TASK STATEMENT:
Report every line of the material that contains the string "object".

-------- INFORMATION SHOWN

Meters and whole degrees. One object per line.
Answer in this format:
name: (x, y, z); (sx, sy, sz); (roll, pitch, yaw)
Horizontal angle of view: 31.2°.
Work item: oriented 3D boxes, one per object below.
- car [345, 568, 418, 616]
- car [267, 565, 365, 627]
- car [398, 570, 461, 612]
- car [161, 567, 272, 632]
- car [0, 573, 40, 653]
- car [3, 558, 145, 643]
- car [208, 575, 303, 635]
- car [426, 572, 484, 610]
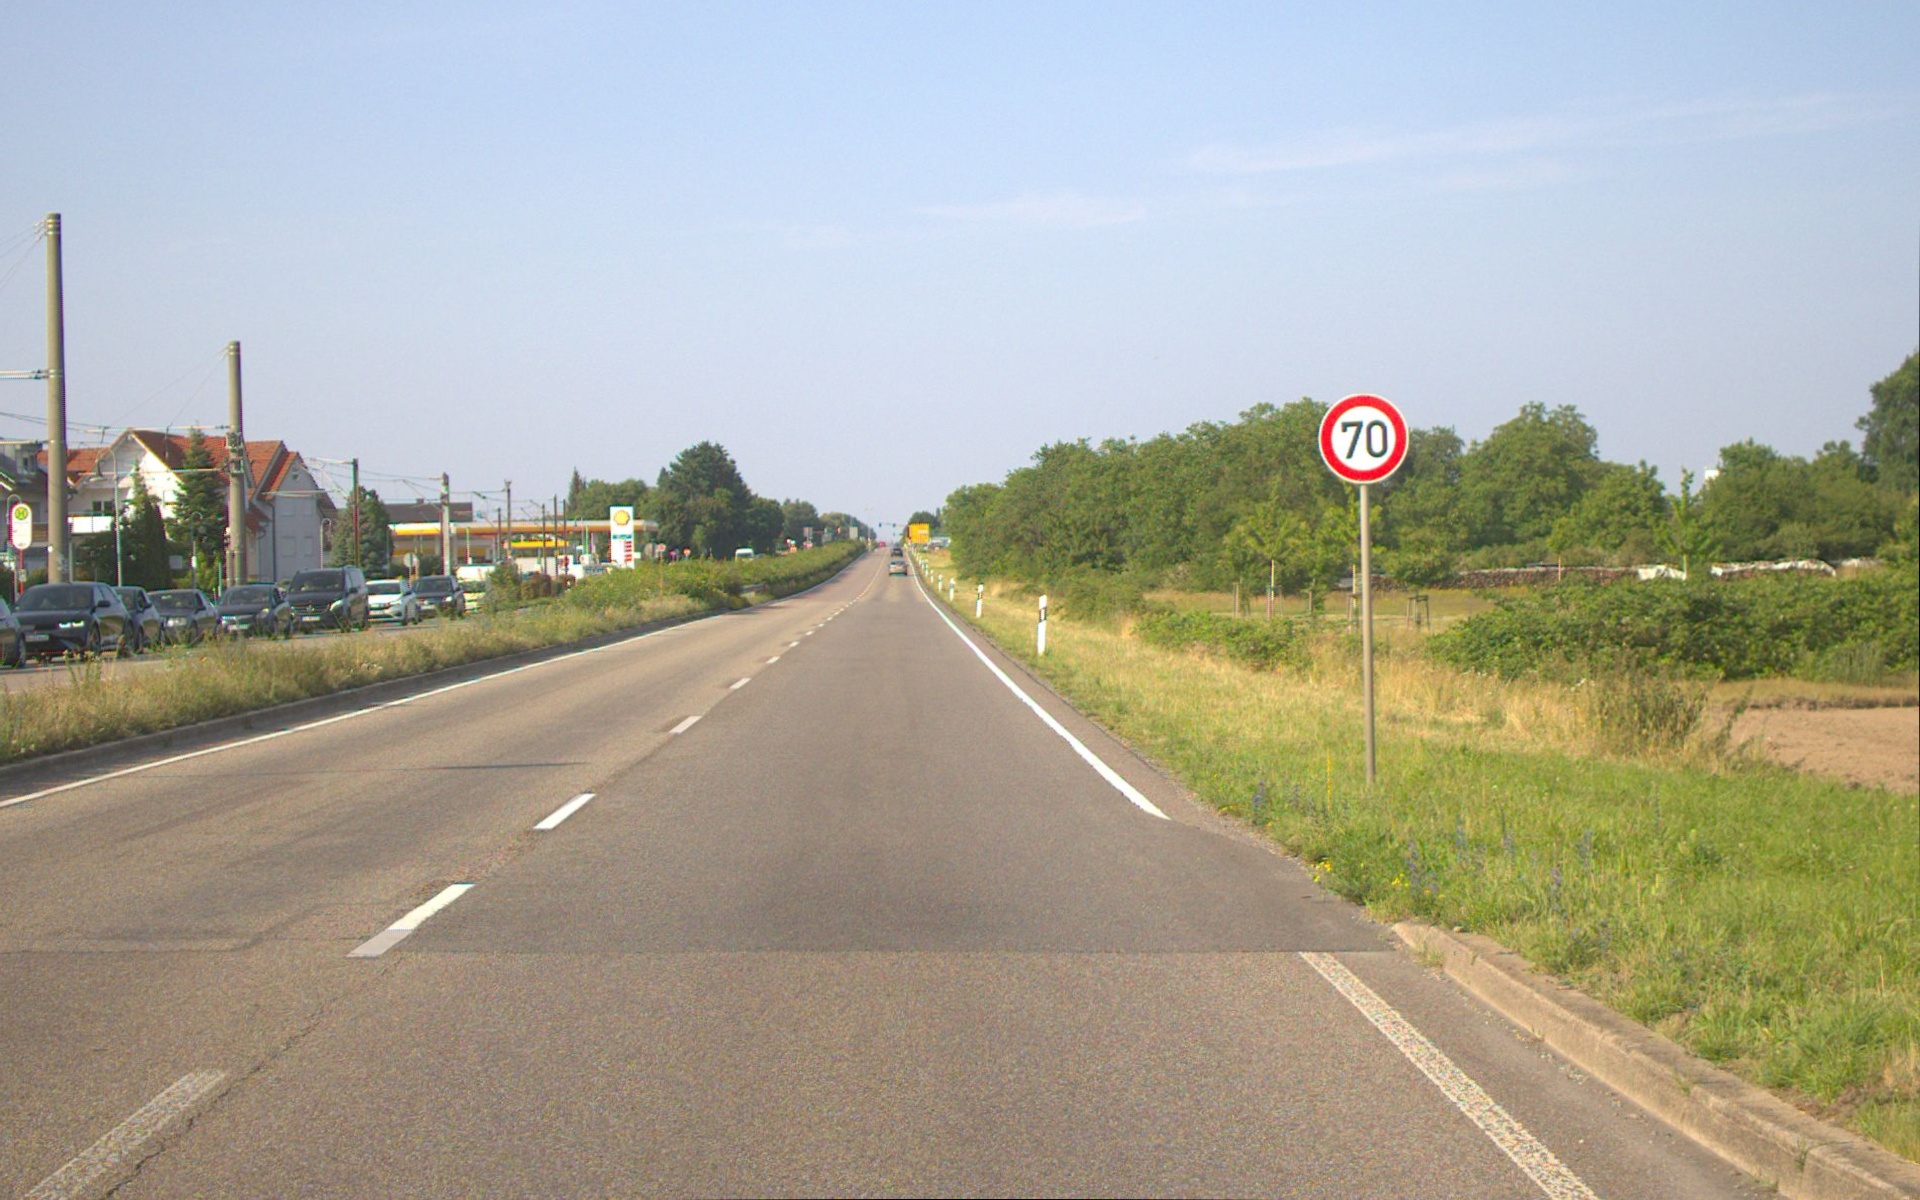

----------------

REPLY:
Meters and whole degrees. One object per line.
Work item: oriented 3D boxes, one per object below.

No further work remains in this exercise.